Records for processing Start Marker

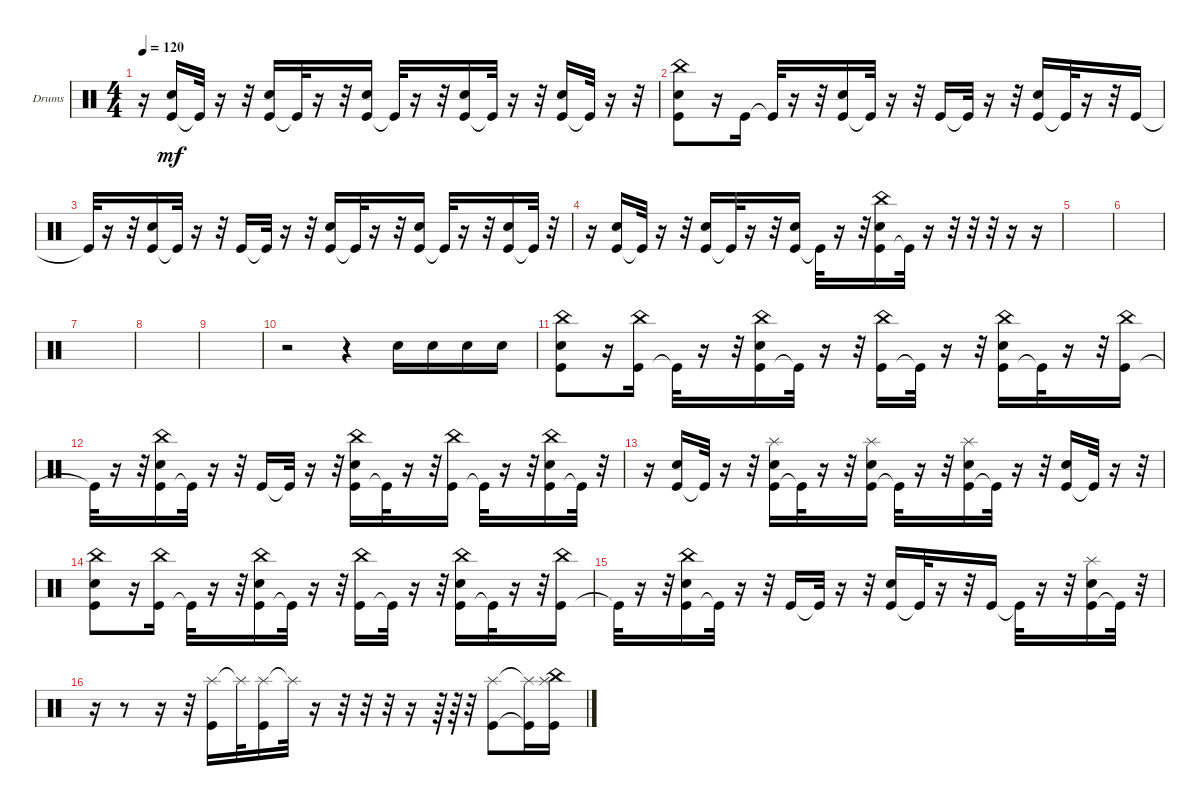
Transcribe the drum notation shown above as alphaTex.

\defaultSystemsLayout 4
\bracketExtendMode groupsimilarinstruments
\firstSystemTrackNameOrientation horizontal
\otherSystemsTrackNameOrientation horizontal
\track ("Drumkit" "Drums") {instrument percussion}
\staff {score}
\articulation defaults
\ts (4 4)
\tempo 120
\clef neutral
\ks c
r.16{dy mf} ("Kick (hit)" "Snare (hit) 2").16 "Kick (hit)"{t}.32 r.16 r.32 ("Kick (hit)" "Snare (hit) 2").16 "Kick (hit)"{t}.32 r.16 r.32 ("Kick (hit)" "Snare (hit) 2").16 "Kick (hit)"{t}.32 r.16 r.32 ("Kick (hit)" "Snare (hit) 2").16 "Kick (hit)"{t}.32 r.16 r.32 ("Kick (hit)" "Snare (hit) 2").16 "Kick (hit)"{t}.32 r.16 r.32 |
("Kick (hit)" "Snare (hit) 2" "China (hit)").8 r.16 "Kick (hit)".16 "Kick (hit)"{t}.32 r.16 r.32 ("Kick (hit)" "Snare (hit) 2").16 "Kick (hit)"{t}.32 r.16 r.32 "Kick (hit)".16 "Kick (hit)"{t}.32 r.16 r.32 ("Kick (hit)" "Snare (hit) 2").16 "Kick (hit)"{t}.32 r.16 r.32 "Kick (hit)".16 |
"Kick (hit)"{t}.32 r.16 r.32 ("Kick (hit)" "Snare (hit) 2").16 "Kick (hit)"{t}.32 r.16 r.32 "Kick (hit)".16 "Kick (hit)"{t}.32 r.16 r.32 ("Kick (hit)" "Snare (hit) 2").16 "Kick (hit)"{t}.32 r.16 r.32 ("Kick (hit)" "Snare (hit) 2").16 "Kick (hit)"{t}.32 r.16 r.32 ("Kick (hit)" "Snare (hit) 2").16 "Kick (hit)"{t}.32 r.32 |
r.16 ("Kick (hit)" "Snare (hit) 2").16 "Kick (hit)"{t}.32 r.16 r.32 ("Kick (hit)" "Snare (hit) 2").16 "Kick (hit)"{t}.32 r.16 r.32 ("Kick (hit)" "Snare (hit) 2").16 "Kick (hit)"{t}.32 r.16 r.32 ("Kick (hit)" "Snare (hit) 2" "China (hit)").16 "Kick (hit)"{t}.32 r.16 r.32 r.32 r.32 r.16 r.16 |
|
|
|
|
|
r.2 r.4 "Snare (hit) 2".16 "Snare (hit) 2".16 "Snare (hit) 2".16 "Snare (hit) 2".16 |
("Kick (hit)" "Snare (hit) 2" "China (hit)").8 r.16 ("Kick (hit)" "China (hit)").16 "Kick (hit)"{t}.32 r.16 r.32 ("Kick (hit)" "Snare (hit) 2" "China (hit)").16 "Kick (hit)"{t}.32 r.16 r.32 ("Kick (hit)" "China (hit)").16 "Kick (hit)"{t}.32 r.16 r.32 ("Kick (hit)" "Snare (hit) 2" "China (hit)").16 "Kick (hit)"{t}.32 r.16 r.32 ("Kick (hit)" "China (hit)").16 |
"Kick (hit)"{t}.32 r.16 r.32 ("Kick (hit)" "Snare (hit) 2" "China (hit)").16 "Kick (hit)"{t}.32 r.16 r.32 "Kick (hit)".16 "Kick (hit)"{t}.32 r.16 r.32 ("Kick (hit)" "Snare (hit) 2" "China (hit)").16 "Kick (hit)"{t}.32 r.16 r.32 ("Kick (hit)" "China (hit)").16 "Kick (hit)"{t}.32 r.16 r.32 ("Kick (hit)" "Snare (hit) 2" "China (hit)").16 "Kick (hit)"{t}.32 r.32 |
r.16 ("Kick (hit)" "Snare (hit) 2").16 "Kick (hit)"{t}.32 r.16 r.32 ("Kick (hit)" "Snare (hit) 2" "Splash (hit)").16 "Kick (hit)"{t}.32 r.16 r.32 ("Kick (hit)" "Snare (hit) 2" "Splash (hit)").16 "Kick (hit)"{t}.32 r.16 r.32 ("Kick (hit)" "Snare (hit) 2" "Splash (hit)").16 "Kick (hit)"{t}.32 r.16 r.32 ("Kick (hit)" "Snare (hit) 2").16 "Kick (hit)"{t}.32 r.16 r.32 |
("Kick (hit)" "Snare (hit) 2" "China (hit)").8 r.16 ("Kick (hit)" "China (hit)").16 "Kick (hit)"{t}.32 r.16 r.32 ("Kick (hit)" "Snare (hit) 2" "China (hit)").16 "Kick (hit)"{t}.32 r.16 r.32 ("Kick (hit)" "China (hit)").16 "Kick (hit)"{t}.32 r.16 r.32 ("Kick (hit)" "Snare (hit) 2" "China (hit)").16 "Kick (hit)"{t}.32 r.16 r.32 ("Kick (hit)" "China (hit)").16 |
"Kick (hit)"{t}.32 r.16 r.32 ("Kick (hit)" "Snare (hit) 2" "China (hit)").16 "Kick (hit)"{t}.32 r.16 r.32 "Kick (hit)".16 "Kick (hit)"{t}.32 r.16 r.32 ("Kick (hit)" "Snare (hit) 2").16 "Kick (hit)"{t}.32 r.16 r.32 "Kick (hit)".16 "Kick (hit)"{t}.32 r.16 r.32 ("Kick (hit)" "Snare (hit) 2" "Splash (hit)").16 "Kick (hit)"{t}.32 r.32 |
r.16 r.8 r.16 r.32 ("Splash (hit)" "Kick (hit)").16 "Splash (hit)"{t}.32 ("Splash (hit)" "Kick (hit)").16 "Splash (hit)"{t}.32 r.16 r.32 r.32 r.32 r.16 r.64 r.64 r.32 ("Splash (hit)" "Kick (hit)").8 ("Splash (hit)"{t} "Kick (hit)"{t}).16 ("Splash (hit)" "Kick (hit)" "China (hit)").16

Records for processing End Marker

**What the exercise asks:**
Please restate all of the listing above word for word, with no pictures.

**Result:**
Transcribe the drum notation shown above as alphaTex.

\defaultSystemsLayout 4
\bracketExtendMode groupsimilarinstruments
\firstSystemTrackNameOrientation horizontal
\otherSystemsTrackNameOrientation horizontal
\track ("Drumkit" "Drums") {instrument percussion}
\staff {score}
\articulation defaults
\ts (4 4)
\tempo 120
\clef neutral
\ks c
r.16{dy mf} ("Kick (hit)" "Snare (hit) 2").16 "Kick (hit)"{t}.32 r.16 r.32 ("Kick (hit)" "Snare (hit) 2").16 "Kick (hit)"{t}.32 r.16 r.32 ("Kick (hit)" "Snare (hit) 2").16 "Kick (hit)"{t}.32 r.16 r.32 ("Kick (hit)" "Snare (hit) 2").16 "Kick (hit)"{t}.32 r.16 r.32 ("Kick (hit)" "Snare (hit) 2").16 "Kick (hit)"{t}.32 r.16 r.32 |
("Kick (hit)" "Snare (hit) 2" "China (hit)").8 r.16 "Kick (hit)".16 "Kick (hit)"{t}.32 r.16 r.32 ("Kick (hit)" "Snare (hit) 2").16 "Kick (hit)"{t}.32 r.16 r.32 "Kick (hit)".16 "Kick (hit)"{t}.32 r.16 r.32 ("Kick (hit)" "Snare (hit) 2").16 "Kick (hit)"{t}.32 r.16 r.32 "Kick (hit)".16 |
"Kick (hit)"{t}.32 r.16 r.32 ("Kick (hit)" "Snare (hit) 2").16 "Kick (hit)"{t}.32 r.16 r.32 "Kick (hit)".16 "Kick (hit)"{t}.32 r.16 r.32 ("Kick (hit)" "Snare (hit) 2").16 "Kick (hit)"{t}.32 r.16 r.32 ("Kick (hit)" "Snare (hit) 2").16 "Kick (hit)"{t}.32 r.16 r.32 ("Kick (hit)" "Snare (hit) 2").16 "Kick (hit)"{t}.32 r.32 |
r.16 ("Kick (hit)" "Snare (hit) 2").16 "Kick (hit)"{t}.32 r.16 r.32 ("Kick (hit)" "Snare (hit) 2").16 "Kick (hit)"{t}.32 r.16 r.32 ("Kick (hit)" "Snare (hit) 2").16 "Kick (hit)"{t}.32 r.16 r.32 ("Kick (hit)" "Snare (hit) 2" "China (hit)").16 "Kick (hit)"{t}.32 r.16 r.32 r.32 r.32 r.16 r.16 |
|
|
|
|
|
r.2 r.4 "Snare (hit) 2".16 "Snare (hit) 2".16 "Snare (hit) 2".16 "Snare (hit) 2".16 |
("Kick (hit)" "Snare (hit) 2" "China (hit)").8 r.16 ("Kick (hit)" "China (hit)").16 "Kick (hit)"{t}.32 r.16 r.32 ("Kick (hit)" "Snare (hit) 2" "China (hit)").16 "Kick (hit)"{t}.32 r.16 r.32 ("Kick (hit)" "China (hit)").16 "Kick (hit)"{t}.32 r.16 r.32 ("Kick (hit)" "Snare (hit) 2" "China (hit)").16 "Kick (hit)"{t}.32 r.16 r.32 ("Kick (hit)" "China (hit)").16 |
"Kick (hit)"{t}.32 r.16 r.32 ("Kick (hit)" "Snare (hit) 2" "China (hit)").16 "Kick (hit)"{t}.32 r.16 r.32 "Kick (hit)".16 "Kick (hit)"{t}.32 r.16 r.32 ("Kick (hit)" "Snare (hit) 2" "China (hit)").16 "Kick (hit)"{t}.32 r.16 r.32 ("Kick (hit)" "China (hit)").16 "Kick (hit)"{t}.32 r.16 r.32 ("Kick (hit)" "Snare (hit) 2" "China (hit)").16 "Kick (hit)"{t}.32 r.32 |
r.16 ("Kick (hit)" "Snare (hit) 2").16 "Kick (hit)"{t}.32 r.16 r.32 ("Kick (hit)" "Snare (hit) 2" "Splash (hit)").16 "Kick (hit)"{t}.32 r.16 r.32 ("Kick (hit)" "Snare (hit) 2" "Splash (hit)").16 "Kick (hit)"{t}.32 r.16 r.32 ("Kick (hit)" "Snare (hit) 2" "Splash (hit)").16 "Kick (hit)"{t}.32 r.16 r.32 ("Kick (hit)" "Snare (hit) 2").16 "Kick (hit)"{t}.32 r.16 r.32 |
("Kick (hit)" "Snare (hit) 2" "China (hit)").8 r.16 ("Kick (hit)" "China (hit)").16 "Kick (hit)"{t}.32 r.16 r.32 ("Kick (hit)" "Snare (hit) 2" "China (hit)").16 "Kick (hit)"{t}.32 r.16 r.32 ("Kick (hit)" "China (hit)").16 "Kick (hit)"{t}.32 r.16 r.32 ("Kick (hit)" "Snare (hit) 2" "China (hit)").16 "Kick (hit)"{t}.32 r.16 r.32 ("Kick (hit)" "China (hit)").16 |
"Kick (hit)"{t}.32 r.16 r.32 ("Kick (hit)" "Snare (hit) 2" "China (hit)").16 "Kick (hit)"{t}.32 r.16 r.32 "Kick (hit)".16 "Kick (hit)"{t}.32 r.16 r.32 ("Kick (hit)" "Snare (hit) 2").16 "Kick (hit)"{t}.32 r.16 r.32 "Kick (hit)".16 "Kick (hit)"{t}.32 r.16 r.32 ("Kick (hit)" "Snare (hit) 2" "Splash (hit)").16 "Kick (hit)"{t}.32 r.32 |
r.16 r.8 r.16 r.32 ("Splash (hit)" "Kick (hit)").16 "Splash (hit)"{t}.32 ("Splash (hit)" "Kick (hit)").16 "Splash (hit)"{t}.32 r.16 r.32 r.32 r.32 r.16 r.64 r.64 r.32 ("Splash (hit)" "Kick (hit)").8 ("Splash (hit)"{t} "Kick (hit)"{t}).16 ("Splash (hit)" "Kick (hit)" "China (hit)").16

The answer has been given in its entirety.